### Given data ###
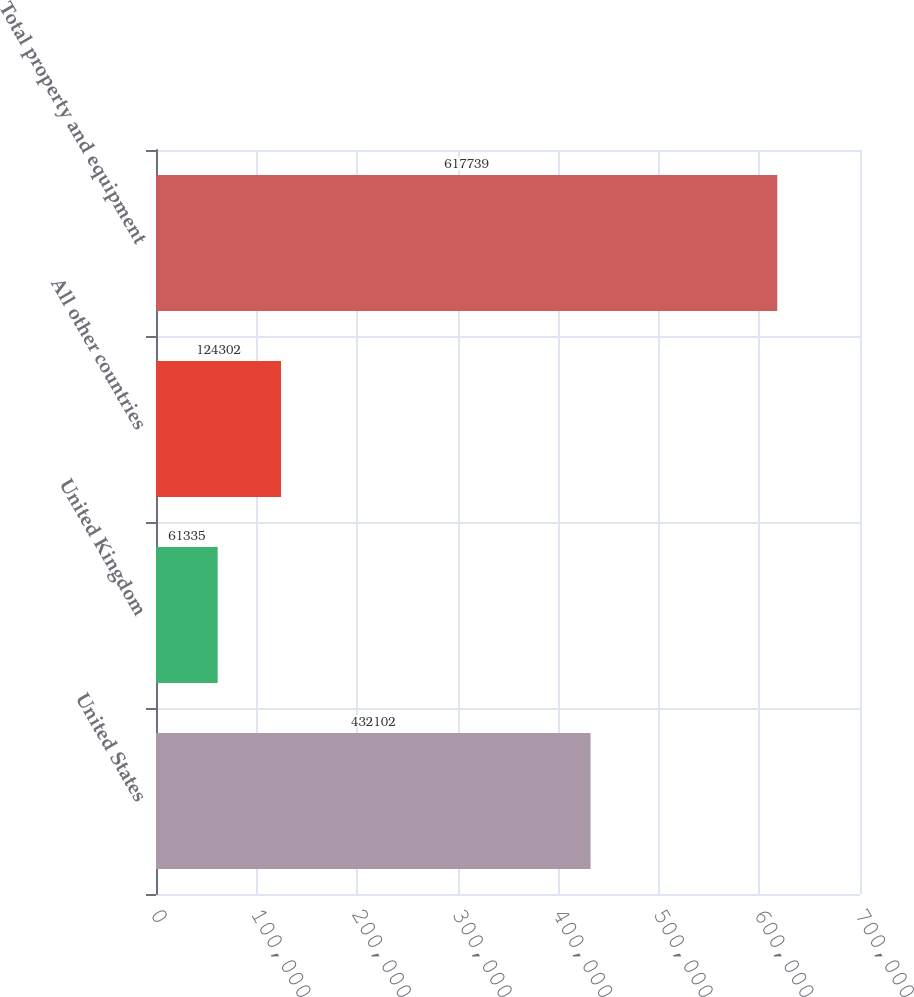Convert chart to OTSL. <chart><loc_0><loc_0><loc_500><loc_500><bar_chart><fcel>United States<fcel>United Kingdom<fcel>All other countries<fcel>Total property and equipment<nl><fcel>432102<fcel>61335<fcel>124302<fcel>617739<nl></chart> 
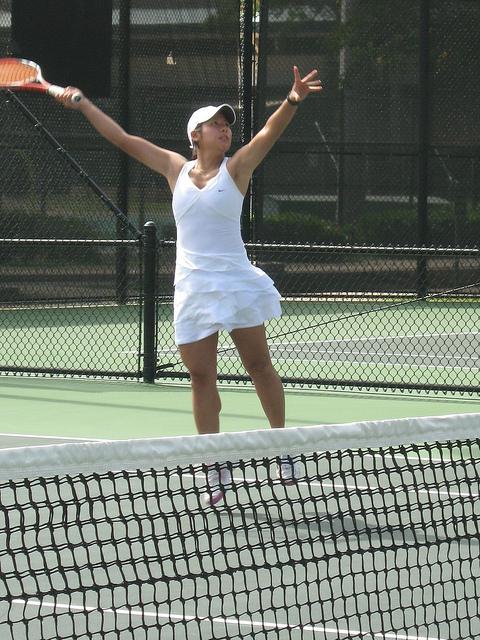Are they playing tennis?
Give a very brief answer. Yes. What color is her outfit?
Quick response, please. White. Is she wearing a skirt?
Keep it brief. Yes. 
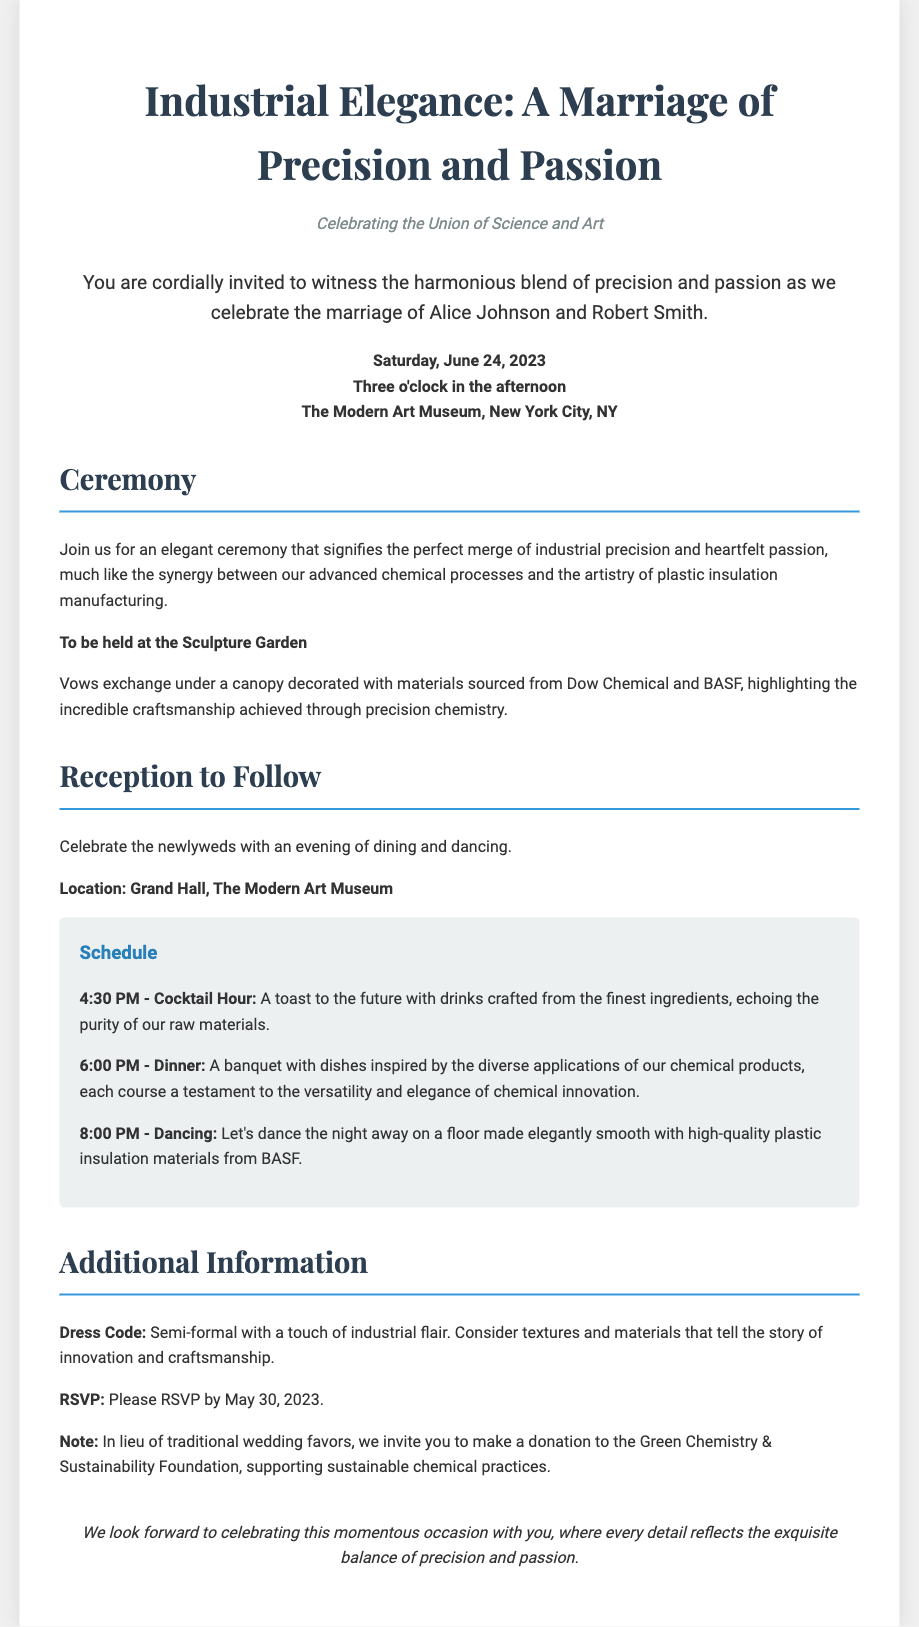What is the name of the bride? The bride's name is mentioned in the greeting section of the document.
Answer: Alice Johnson What is the date of the wedding? The date is specified in the date-time-location section of the document.
Answer: June 24, 2023 Where is the ceremony taking place? The location of the ceremony is detailed in the ceremony section.
Answer: Sculpture Garden What time does the cocktail hour begin? The schedule in the reception section provides the start time for the cocktail hour.
Answer: 4:30 PM What is requested instead of traditional wedding favors? The additional information section specifies what the couple prefers instead of favors.
Answer: A donation How would you describe the dress code? The additional information section describes the dress code for the event.
Answer: Semi-formal with a touch of industrial flair What is the main theme of the wedding invitation? The title and subtitle give insight into the overall theme of the invitation.
Answer: Industrial Elegance What is the name of the groom? The groom's name is also mentioned in the greeting section.
Answer: Robert Smith What is the location of the reception? The reception information includes the specific location at the venue.
Answer: Grand Hall, The Modern Art Museum
###
Please repeat exactly the data above from its first line to the line that contains "Answer: June 24, 2023", inclusive, and leave every picture out.

=== Exercise output ===
Convert chart to OTSL. <chart><loc_0><loc_0><loc_500><loc_500><bar_chart><fcel>United States<fcel>United Kingdom<fcel>All other countries<fcel>Total property and equipment<nl><fcel>432102<fcel>61335<fcel>124302<fcel>617739<nl></chart> 
Are they playing tennis?
Give a very brief answer. Yes. What color is her outfit?
Quick response, please. White. Is she wearing a skirt?
Keep it brief. Yes. 
What is the name of the bride? The bride's name is mentioned in the greeting section of the document.
Answer: Alice Johnson What is the date of the wedding? The date is specified in the date-time-location section of the document.
Answer: June 24, 2023 Where is the ceremony taking place? The location of the ceremony is detailed in the ceremony section.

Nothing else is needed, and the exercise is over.